Problem requirements
All the records that follow need to be reproduced exactly. Omit the images.

Records excerpted from a collection:

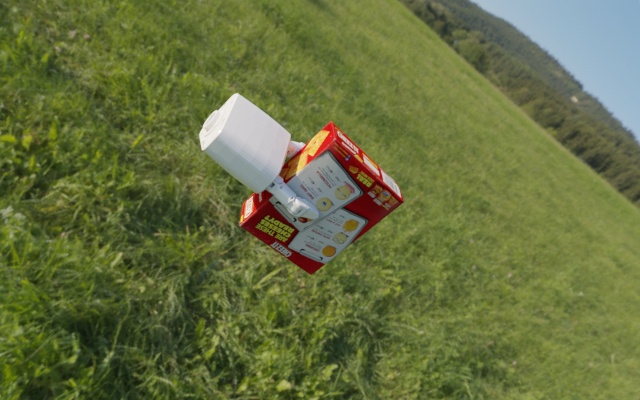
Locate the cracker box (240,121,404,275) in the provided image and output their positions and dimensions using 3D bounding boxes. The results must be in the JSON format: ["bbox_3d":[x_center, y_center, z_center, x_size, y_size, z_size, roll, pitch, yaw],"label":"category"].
[{"bbox_3d":[0.000,0.003,0.781,0.164,0.214,0.072,39,24,-25],"label":"cracker box"}]
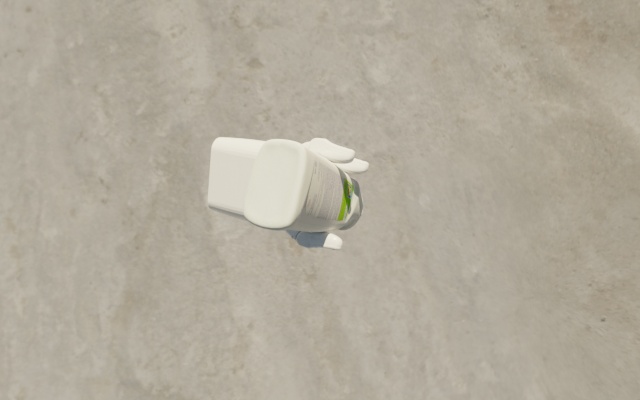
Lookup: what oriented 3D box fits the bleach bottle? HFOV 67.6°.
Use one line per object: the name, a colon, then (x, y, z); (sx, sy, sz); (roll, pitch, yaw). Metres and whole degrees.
bleach bottle: (0.000, 0.002, 0.618); (0.068, 0.102, 0.251); (12, -6, 25)
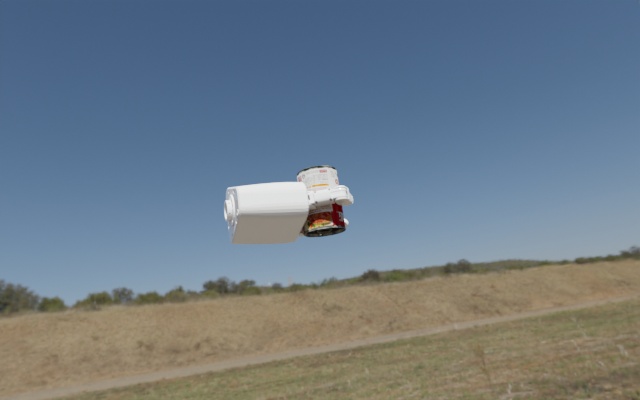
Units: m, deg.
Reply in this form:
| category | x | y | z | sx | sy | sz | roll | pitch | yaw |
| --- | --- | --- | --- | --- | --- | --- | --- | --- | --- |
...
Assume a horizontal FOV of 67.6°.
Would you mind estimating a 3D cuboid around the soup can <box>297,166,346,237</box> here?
| category | x | y | z | sx | sy | sz | roll | pitch | yaw |
| --- | --- | --- | --- | --- | --- | --- | --- | --- | --- |
| soup can | 0.001 | 0.002 | 0.769 | 0.068 | 0.102 | 0.068 | -8 | -15 | -2 |
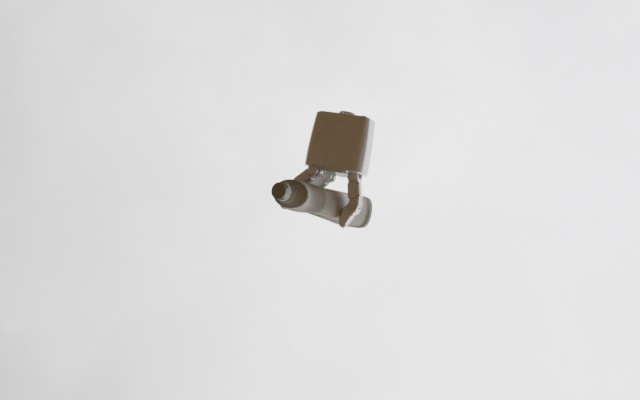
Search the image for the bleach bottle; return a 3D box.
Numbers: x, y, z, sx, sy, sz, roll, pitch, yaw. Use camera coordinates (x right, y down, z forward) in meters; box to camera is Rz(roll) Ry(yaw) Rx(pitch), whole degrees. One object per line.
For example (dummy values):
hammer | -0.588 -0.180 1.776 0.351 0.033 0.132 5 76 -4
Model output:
bleach bottle | 0.000 0.003 0.881 0.102 0.068 0.251 8 -4 31

Answer area
Locate the cracker box (240,121,404,275) in the provided image and output their positions and dimensions using 3D bounding boxes. The results must be in the JSON format: ["bbox_3d":[x_center, y_center, z_center, x_size, y_size, z_size, roll, pitch, yaw],"label":"category"].
[{"bbox_3d":[0.000,0.003,0.781,0.164,0.214,0.072,39,24,-25],"label":"cracker box"}]
Lookup: what oriented 3D box fits the bleach bottle? HFOV 67.6°.
Use one line per object: the name, a colon, then (x, y, z); (sx, sy, sz); (roll, pitch, yaw). Metres and whole degrees.
bleach bottle: (0.000, 0.002, 0.618); (0.068, 0.102, 0.251); (12, -6, 25)
Units: m, deg.
Reply in this form:
| category | x | y | z | sx | sy | sz | roll | pitch | yaw |
| --- | --- | --- | --- | --- | --- | --- | --- | --- | --- |
...
Assume a horizontal FOV of 67.6°.
Would you mind estimating a 3D cuboid around the soup can <box>297,166,346,237</box> here?
| category | x | y | z | sx | sy | sz | roll | pitch | yaw |
| --- | --- | --- | --- | --- | --- | --- | --- | --- | --- |
| soup can | 0.001 | 0.002 | 0.769 | 0.068 | 0.102 | 0.068 | -8 | -15 | -2 |
Search the image for the bleach bottle; return a 3D box.
Numbers: x, y, z, sx, sy, sz, roll, pitch, yaw. Use camera coordinates (x right, y down, z forward) in meters; box to camera is Rz(roll) Ry(yaw) Rx(pitch), whole degrees. One object per line.
For example (dummy values):
hammer | -0.588 -0.180 1.776 0.351 0.033 0.132 5 76 -4
Model output:
bleach bottle | 0.000 0.003 0.881 0.102 0.068 0.251 8 -4 31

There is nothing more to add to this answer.